CHARLOTTE, N.C. (AP) — Panthers quarterback Cam Newton has opted for surgery to repair his ailing right throwing shoulder.
The team announced Newton had an "arthroscopic procedure" on Thursday and that he will begin the rehabilitation process immediately. There is no timetable listed for when he can begin throwing again.
The Panthers also said the procedure was successfully performed by team physician Pat Connor.
Carolina still has not disclosed the exact nature of Newton's shoulder injury. The quarterback also had surgery in March of 2017 to repair a partially torn rotator cuff.
Newton struggled all season with right shoulder problems that limited his ability to throw the ball downfield. On several occasions the Panthers substituted backup Taylor Heinicke to throw Hail Mary passes because of Newton's lack of arm strength.
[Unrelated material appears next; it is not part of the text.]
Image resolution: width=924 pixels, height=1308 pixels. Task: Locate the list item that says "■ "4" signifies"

Panthers coach Ron Rivera decided to hold Newton out of the final two games of the 2018 regular season with what the team deemed "shoulder soreness."
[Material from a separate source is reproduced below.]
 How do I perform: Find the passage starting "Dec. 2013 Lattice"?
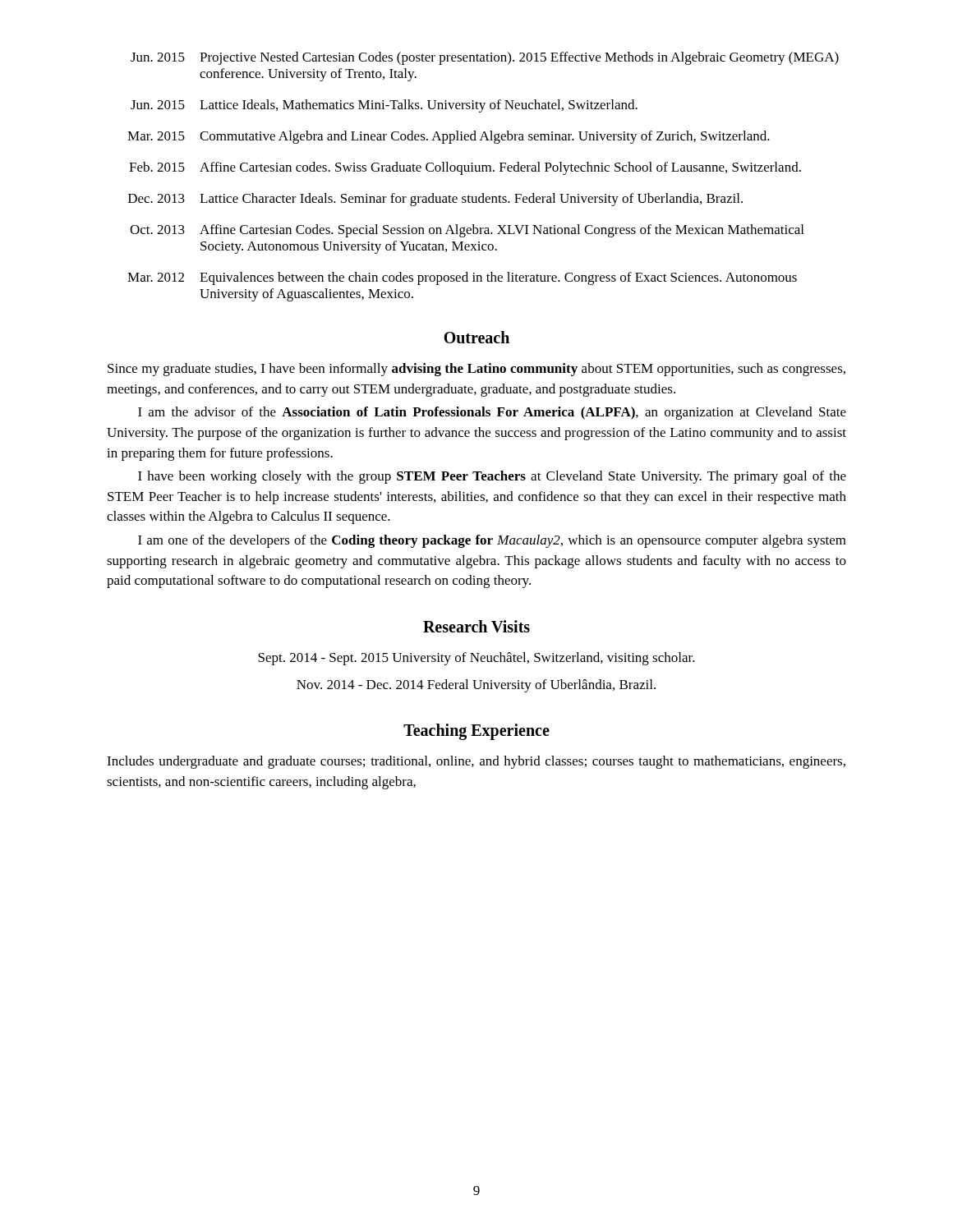476,199

After Carolina's 12-9 loss to the Saints on Dec. 17, Newton expressed frustration over not knowing what it would take to fix the shoulder.
"When you talk to different people who can help you with it, there's not any magical surgery or whatever. It's just time," Newton said at the time. "I've tried and done everything."
Newton said at the time he had taken anti-inflammatories, got massages and tried acupuncture.
At that time he said doctors couldn't say if he needed surgery.
"I've been eager to go to (head trainer Ryan Vermillion's) office, weeks and weeks and weeks and kind of find out what it is. 'Did you find something? What am I supposed to do? What do we have to do?'" Newton said. "... It is what it was, just a lot of soreness and tension in the joints."
The decision to have surgery was made earlier this week by the team and Newton's camp.
The Panthers finished 7-9 in 2018 and out of playoff contention after starting the season 6-2.
The 29-year-old Newton threw for 3,385 passing yards with 24 touchdowns and 13 interceptions, but struggled mightily down the stretch and was a mere shell of his former self in the final few games he played. He barely practiced at all during the second half of the season, which appeared to throw off his timing with his receivers.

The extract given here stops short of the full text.